“The banking, finance and insurance sector will hire 3 lakh this fiscal year”


India’s banking, financial services and insurance (BSFI) industry is quite optimistic about the outlook and is reportedly hiring at least three lakhs in the current fiscal year, unlike the “bare minimum” hiring observed during the year previous, industry observers said. .

Boom in activity

Interestingly, financial activities with the general public have increased dramatically over the past 15 months. For example, 1.44 crore of new demat accounts were added in FY21, compared to 0.48 crore in FY20, according to Motilal Oswal Financial Services.

“To meet this booming demand, the entire BFSI industry in the country is preparing. Many new jobs are being created in space, ”said Sudhir Dhar, Human Resources Manager at Motilal Oswal. “Brokerage firms alone are expected to hire over 35,000 people in subways in FY22,” he added.

“The BSFI industry, in general, appears to be very optimistic about hiring and is expected to hire at least over 3 lakhs this fiscal year,” said BS Murthy, CEO of Leadership Capital, a CXO recruiting firm. “National and multinational banks, insurance companies, mutual funds, private equity, venture capital and angel investors and other types of financial services and advisory firms are in developing their staff base, ”he added.
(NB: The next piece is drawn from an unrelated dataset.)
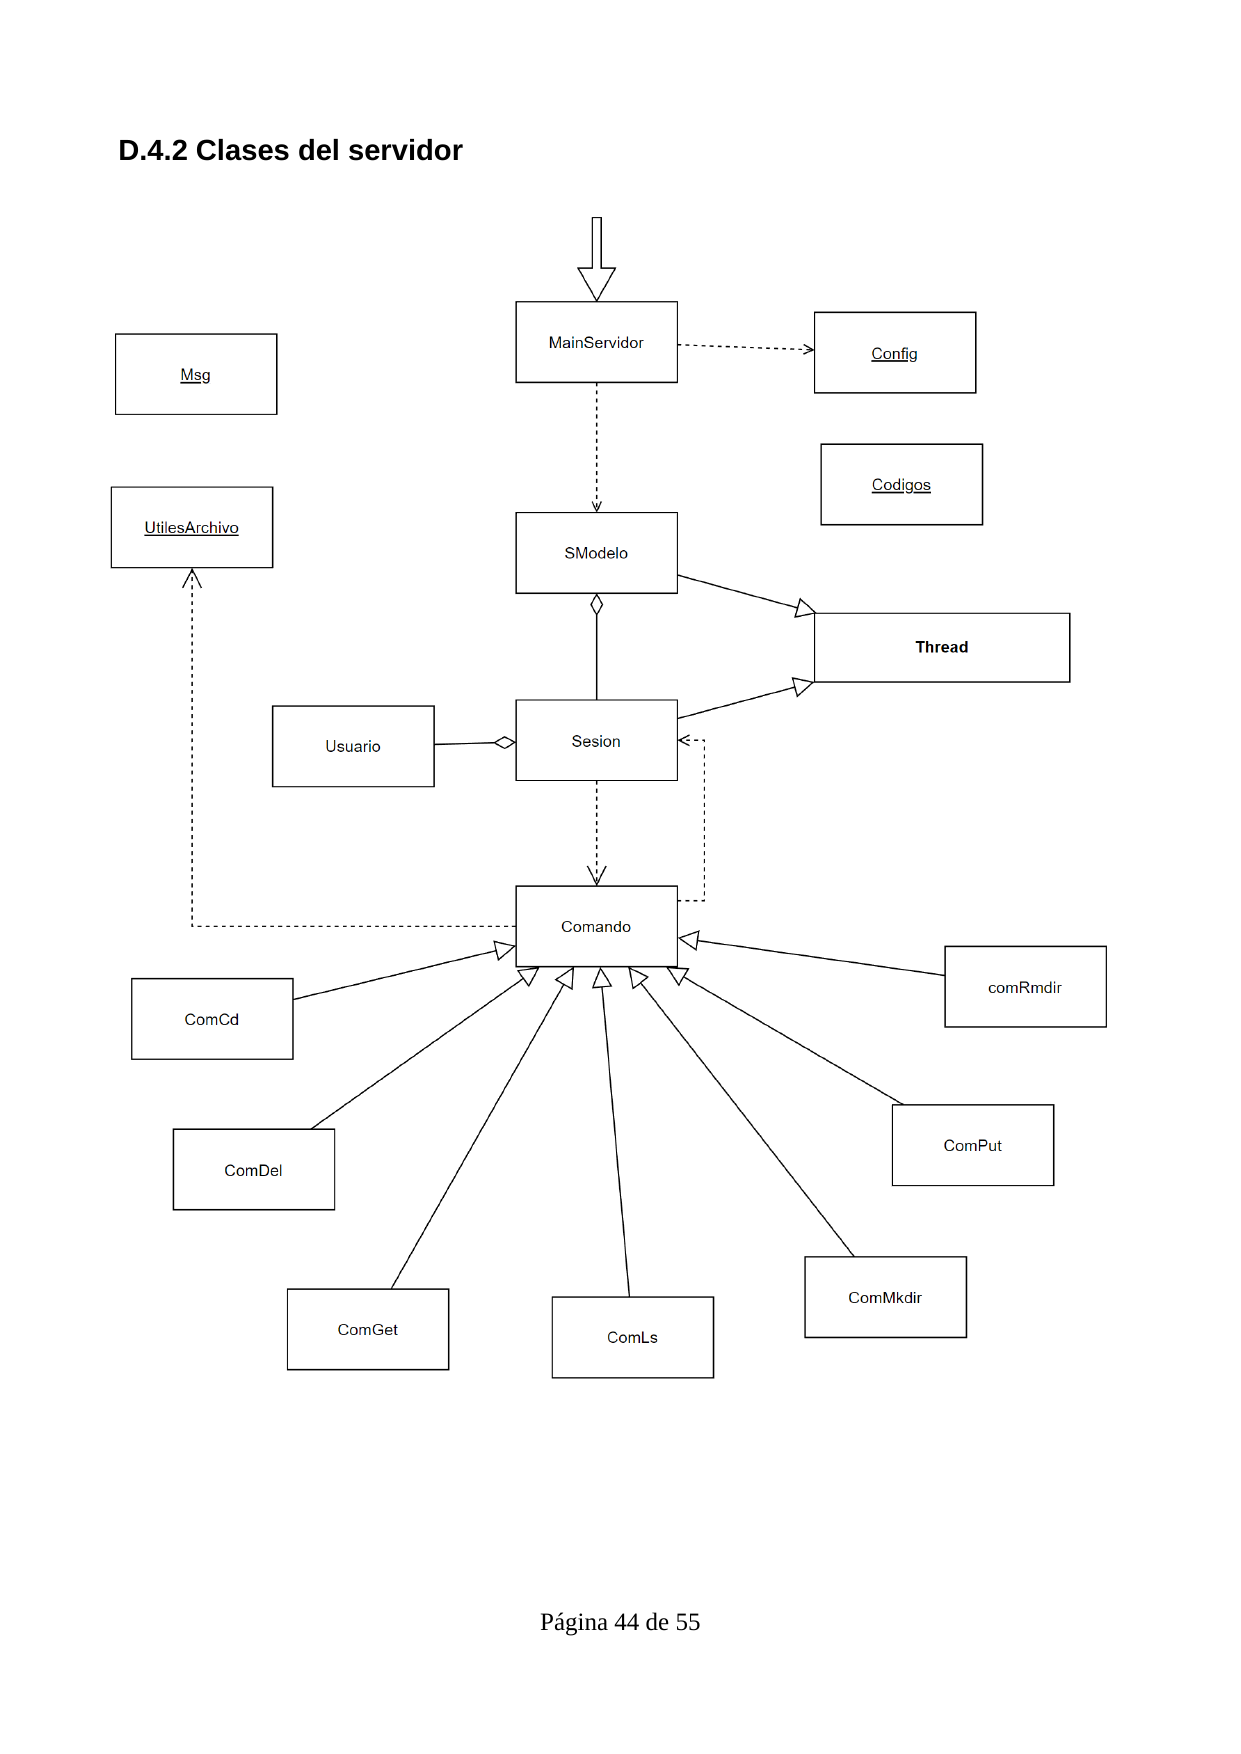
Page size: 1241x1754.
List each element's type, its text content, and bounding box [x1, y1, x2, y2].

Motilal Oswal said it would hire 3,500 brokerage agents, financial advisors, analysts, sales and marketing staff this fiscal year to bring its staff complement to nearly 12,000. The company said that by then it would have a strong IT team of 500 including testers, program managers, coders and data analysts. “We are hiring 3,500 graduates, MBAs and technicians,” said Mr. Dhar.

“This will also include over 600 people for our housing finance business as collection agents, relationship managers and sales staff,” he added.

As the BFSI sector was doing well, attrition was also on the rise. Attrition was over 30% in the financial advisers‘ job portfolios, human resources experts said.